* [SOURCE MATERIAL]
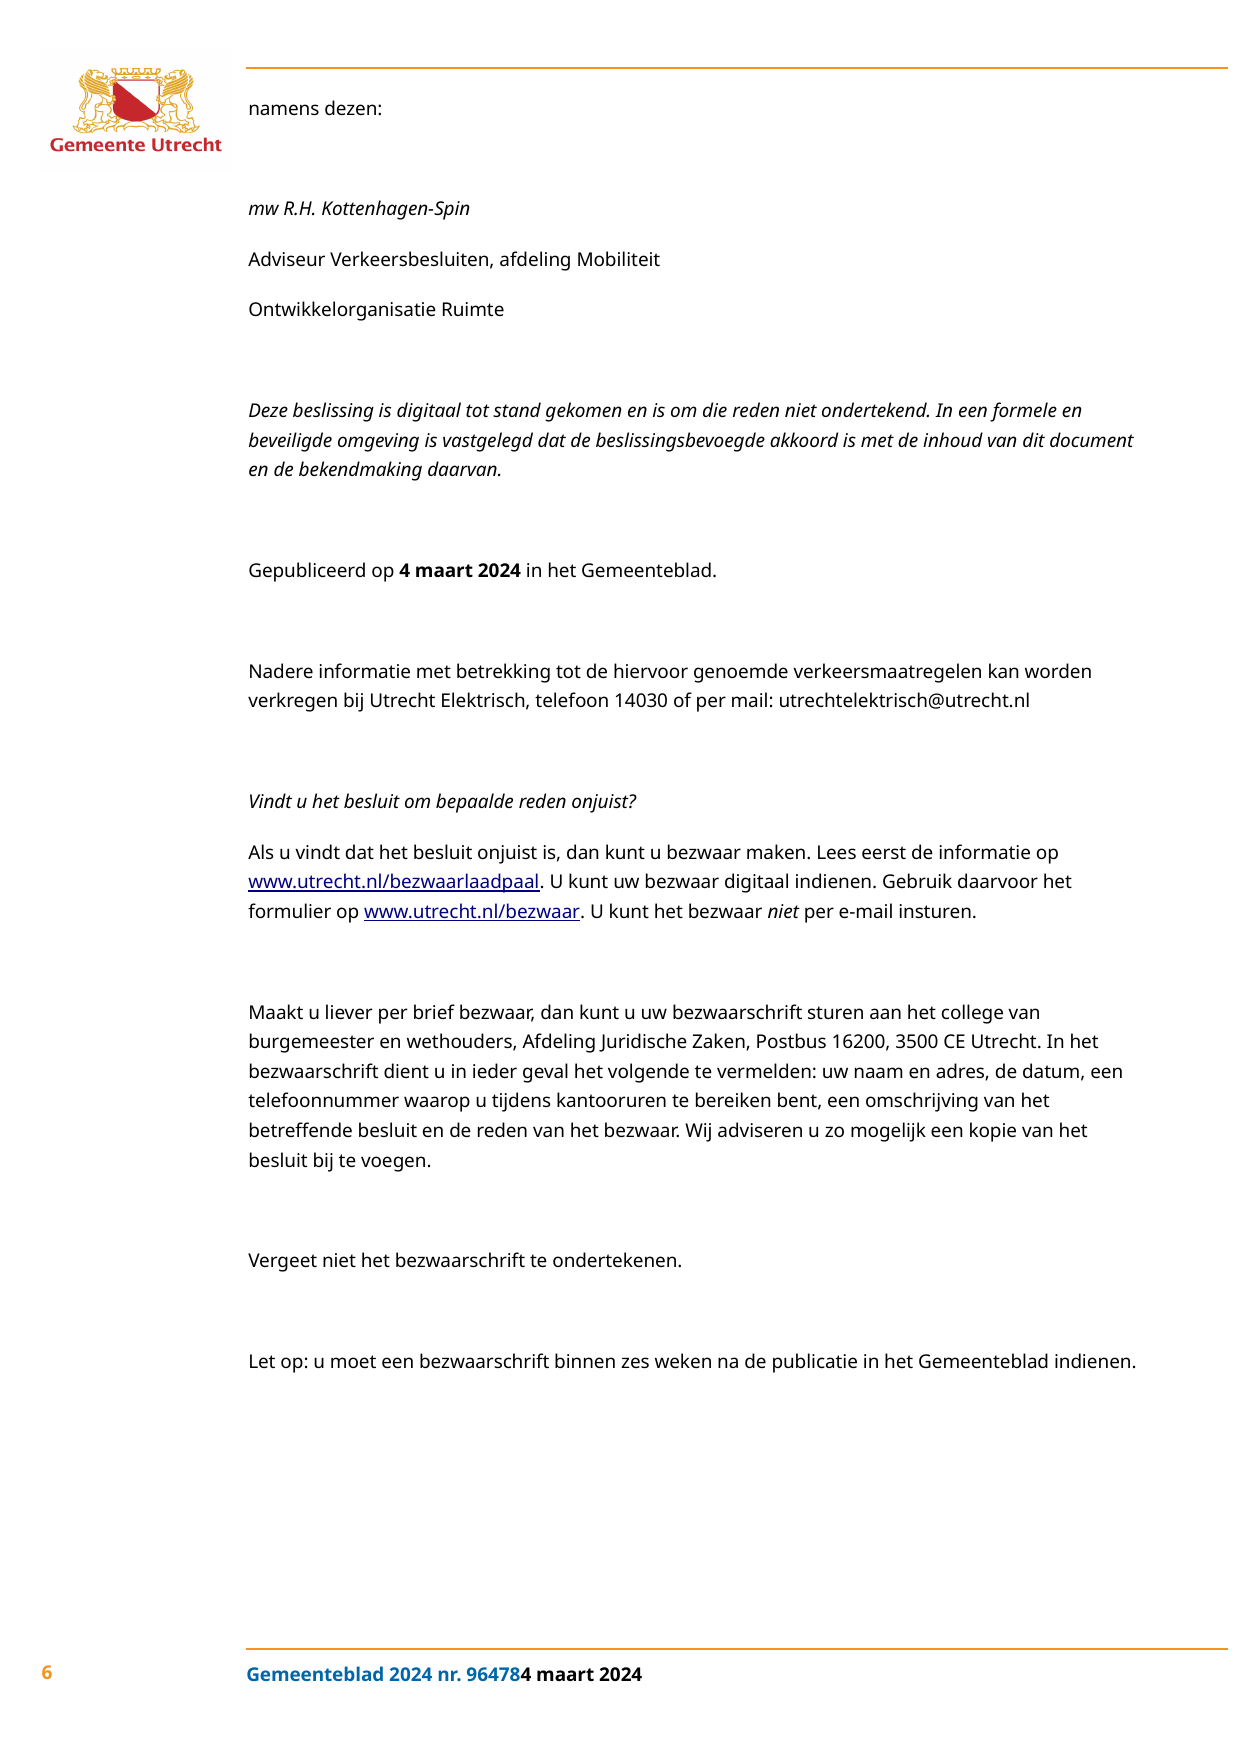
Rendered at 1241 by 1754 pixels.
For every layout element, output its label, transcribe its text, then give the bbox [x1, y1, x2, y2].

text Gepubliceerd op 4 maart 2024 in het Gemeenteblad. [248, 557, 1152, 583]
text Ontwikkelorganisatie Ruimte [248, 296, 1152, 322]
text namens dezen: [248, 95, 1152, 121]
text Vindt u het besluit om bepaalde reden onjuist? [248, 788, 1152, 814]
text Let op: u moet een bezwaarschrift binnen zes weken na de publicatie in het Gemeenteblad indienen. [248, 1348, 1152, 1374]
text Maakt u liever per brief bezwaar, dan kunt u uw bezwaarschrift sturen aan het college van burgemeester en wethouders, Afdeling Juridische Zaken, Postbus 16200, 3500 CE Utrecht. In het bezwaarschrift dient u in ieder geval het volgende te vermelden: uw naam en adres, de datum, een telefoonnummer waarop u tijdens kantooruren te bereiken bent, een omschrijving van het betreffende besluit en de reden van het bezwaar. Wij adviseren u zo mogelijk een kopie van het besluit bij te voegen. [248, 999, 1152, 1173]
text Vergeet niet het bezwaarschrift te ondertekenen. [248, 1248, 1152, 1273]
text mw R.H. Kottenhagen-Spin [248, 196, 1152, 221]
text Nadere informatie met betrekking tot de hiervoor genoemde verkeersmaatregelen kan worden verkregen bij Utrecht Elektrisch, telefoon 14030 of per mail: utrechtelektrisch@utrecht.nl [248, 658, 1152, 713]
text Als u vindt dat het besluit onjuist is, dan kunt u bezwaar maken. Lees eerst de informatie op www.utrecht.nl/bezwaarlaadpaal. U kunt uw bezwaar digitaal indienen. Gebruik daarvoor het formulier op www.utrecht.nl/bezwaar. U kunt het bezwaar niet per e-mail insturen. [248, 839, 1152, 924]
text Deze beslissing is digitaal tot stand gekomen en is om die reden niet ondertekend. In een formele en beveiligde omgeving is vastgelegd dat de beslissingsbevoegde akkoord is met de inhoud van dit document en de bekendmaking daarvan. [248, 397, 1152, 482]
text Adviseur Verkeersbesluiten, afdeling Mobiliteit [248, 246, 1152, 272]
picture [41, 47, 231, 172]

* [WHAT YOU NEED TO DO] Locate the word "reden" in the records above, and return each line that has it.

* [OUTPUT FOR THIS TASK]
text Vindt u het besluit om bepaalde reden onjuist? [248, 788, 1152, 814]
text Maakt u liever per brief bezwaar, dan kunt u uw bezwaarschrift sturen aan het college van burgemeester en wethouders, Afdeling Juridische Zaken, Postbus 16200, 3500 CE Utrecht. In het bezwaarschrift dient u in ieder geval het volgende te vermelden: uw naam en adres, de datum, een telefoonnummer waarop u tijdens kantooruren te bereiken bent, een omschrijving van het betreffende besluit en de reden van het bezwaar. Wij adviseren u zo mogelijk een kopie van het besluit bij te voegen. [248, 999, 1152, 1173]
text Deze beslissing is digitaal tot stand gekomen en is om die reden niet ondertekend. In een formele en beveiligde omgeving is vastgelegd dat de beslissingsbevoegde akkoord is met de inhoud van dit document en de bekendmaking daarvan. [248, 397, 1152, 482]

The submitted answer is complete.